Moreover, a proper framework will help authorities and concerned agencies to assess the safety, accuracy, reliability, or usability issues of a model.

None of the frameworks are sufficient on their own nor do they consider safety as a factor for evaluation.

Below are some of the important factors that should be present within a framework:

Authenticity
The accuracy of the results generated by LLMs is crucial. This includes the correctness of facts, as well as the accuracy of inferences and solutions.
Speed
The speed at which the model can produce results is important, especially when it needs to be deployed for critical use cases. While a slower model may be acceptable in some cases, rapid action teams require quicker models.
Grammar and Readability
LLMs must generate language in a readable format. Ensuring proper grammar and sentence structure is essential.
Bias
It’s crucial that LLMs are free from social biases related to gender, race, and other factors.
Backtracking
Knowing the source of the model’s inferences is necessary for humans to double-check its basis. Without this, the performance of LLMs remains a black box.
Safety & Responsibility
Guardrails for AI models are necessary. Although companies are trying to make these responses safe, there’s still significant room for improvement.
Understanding the Context
When humans consult AI chatbots for suggestions about their general and personal life, it’s important that the model provides better solutions based on specific conditions. The same question asked in different contexts may have different answers.
Text Operations
LLMs should be able to perform basic text operations such as text classification, translation, summarization, and more.
IQ
Intelligence Quotient is a metric used to judge human intelligence and can also be applied to machines.
EQ
The emotional Quotient is another aspect of human intelligence that can be applied to LLMs. Models with higher EQ will be safer to use.
Versatility
The number of domains and languages that the model can cover is another important factor to consider. It can be used to classify the model into General AI or AI specific to a given set of field(s).
Real-time Update
A system that’s updated with recent information can contribute more broadly and produce better results.
Cost
The cost of development and operation should also be considered.
Consistency
Same or similar prompts should generate identical or almost identical responses, else ensuring quality in commercial deployment will be difficult.
Extent of Prompt Engineering
The level of detailed and structured prompt engineering needed to get the optimal response can also be used to compare two models.
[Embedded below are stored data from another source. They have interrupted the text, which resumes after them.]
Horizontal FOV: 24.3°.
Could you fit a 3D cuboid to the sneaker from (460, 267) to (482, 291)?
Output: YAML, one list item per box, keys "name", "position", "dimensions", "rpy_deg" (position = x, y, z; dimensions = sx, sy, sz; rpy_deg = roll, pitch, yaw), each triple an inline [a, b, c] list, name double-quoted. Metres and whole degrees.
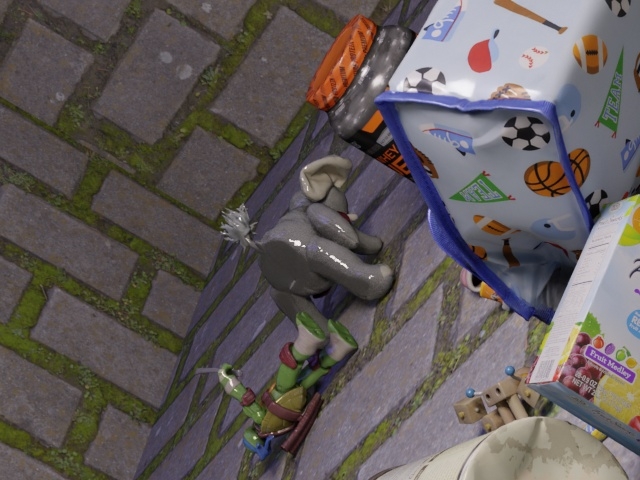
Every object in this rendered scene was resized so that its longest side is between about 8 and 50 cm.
- name: "sneaker"
  position: [0.248, 0.017, 2.175]
  dimensions: [0.070, 0.051, 0.134]
  rpy_deg: [-101, 35, -79]

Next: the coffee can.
- name: "coffee can"
  position: [0.160, 0.301, 1.487]
  dimensions: [0.275, 0.201, 0.201]
  rpy_deg: [-38, 25, 60]

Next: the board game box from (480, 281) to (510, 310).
- name: "board game box"
  position: [0.291, -0.163, 1.981]
  dimensions: [0.390, 0.050, 0.390]
  rpy_deg: [81, -152, -57]

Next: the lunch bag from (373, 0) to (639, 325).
- name: "lunch bag"
  position: [0.253, -0.135, 1.596]
  dimensions: [0.239, 0.385, 0.328]
  rpy_deg: [10, 59, 35]

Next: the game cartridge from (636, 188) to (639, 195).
- name: "game cartridge"
  position: [0.384, -0.067, 1.831]
  dimensions: [0.297, 0.062, 0.198]
  rpy_deg: [-39, 28, 59]

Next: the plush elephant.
- name: "plush elephant"
  position: [0.000, 0.000, 2.780]
  dimensions: [0.255, 0.330, 0.272]
  rpy_deg: [-45, -9, -45]

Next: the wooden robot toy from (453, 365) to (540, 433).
- name: "wooden robot toy"
  position: [0.241, 0.191, 1.816]
  dimensions: [0.079, 0.076, 0.173]
  rpy_deg: [-25, -9, -33]

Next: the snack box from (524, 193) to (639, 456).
- name: "snack box"
  position: [0.316, 0.089, 1.429]
  dimensions: [0.207, 0.174, 0.070]
  rpy_deg: [-64, 17, -19]

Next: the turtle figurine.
- name: "turtle figurine"
  position: [-0.079, 0.229, 2.655]
  dimensions: [0.266, 0.198, 0.275]
  rpy_deg: [-51, 18, 19]

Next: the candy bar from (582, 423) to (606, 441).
- name: "candy bar"
  position: [0.314, 0.183, 1.589]
  dimensions: [0.161, 0.018, 0.040]
  rpy_deg: [-50, 15, 33]

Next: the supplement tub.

Benchmark Prompting Approaches

Different frameworks utilize various prompting approaches and may provide independent scores for each respective prompt:

Zero Shot – The model predicts the answer given only a natural language description of the task
One Shot – In addition to the task description, the model sees a single example of the task
Few Shot – In addition to the task description, the model sees a few examples of the task
Chain of Thought (COT) – Bears resemblance to few-shot prompting, as it incorporates one or more example completions within the prompt. The difference is that the completions contain detailed thought processes, which are particularly relevant for tasks like solving arithmetic problems.

Generally speaking, multi-shot approaches yield higher benchmark results than zero shot approaches.
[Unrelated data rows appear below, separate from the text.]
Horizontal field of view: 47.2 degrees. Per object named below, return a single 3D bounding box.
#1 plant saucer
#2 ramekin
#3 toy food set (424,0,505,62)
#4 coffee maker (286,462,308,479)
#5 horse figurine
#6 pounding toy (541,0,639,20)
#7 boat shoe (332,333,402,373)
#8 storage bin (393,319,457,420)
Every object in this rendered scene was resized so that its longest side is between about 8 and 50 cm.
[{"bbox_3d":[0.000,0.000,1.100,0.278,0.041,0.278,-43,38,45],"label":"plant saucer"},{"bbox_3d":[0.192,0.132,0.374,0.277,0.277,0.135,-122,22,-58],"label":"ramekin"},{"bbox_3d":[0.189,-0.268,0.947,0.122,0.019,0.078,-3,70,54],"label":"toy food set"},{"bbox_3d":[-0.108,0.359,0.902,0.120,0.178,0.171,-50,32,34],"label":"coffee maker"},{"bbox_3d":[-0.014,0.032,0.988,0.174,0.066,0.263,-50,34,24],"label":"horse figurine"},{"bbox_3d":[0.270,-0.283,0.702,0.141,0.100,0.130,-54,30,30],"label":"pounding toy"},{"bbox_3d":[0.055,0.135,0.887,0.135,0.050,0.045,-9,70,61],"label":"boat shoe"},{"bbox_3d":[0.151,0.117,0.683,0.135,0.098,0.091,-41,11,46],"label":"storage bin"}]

Large Language Model Benchmarking Frameworks

Due to the large number of large language models and the growing number of benchmarking frameworks, EleutherAI developed a “harness” that allows developers to automate the benchmarking of the LLM models using a few-shot approach.

Hugging Face maintains an LLM leaderboard that tracks the benchmark performance of the latest open-source models across numerous frameworks.

Stanford University developed HELM (Holistic Evaluation of Language Models), a comprehensive framework for evaluating foundation models. A leaderboard tracks the performance of the evaluated models.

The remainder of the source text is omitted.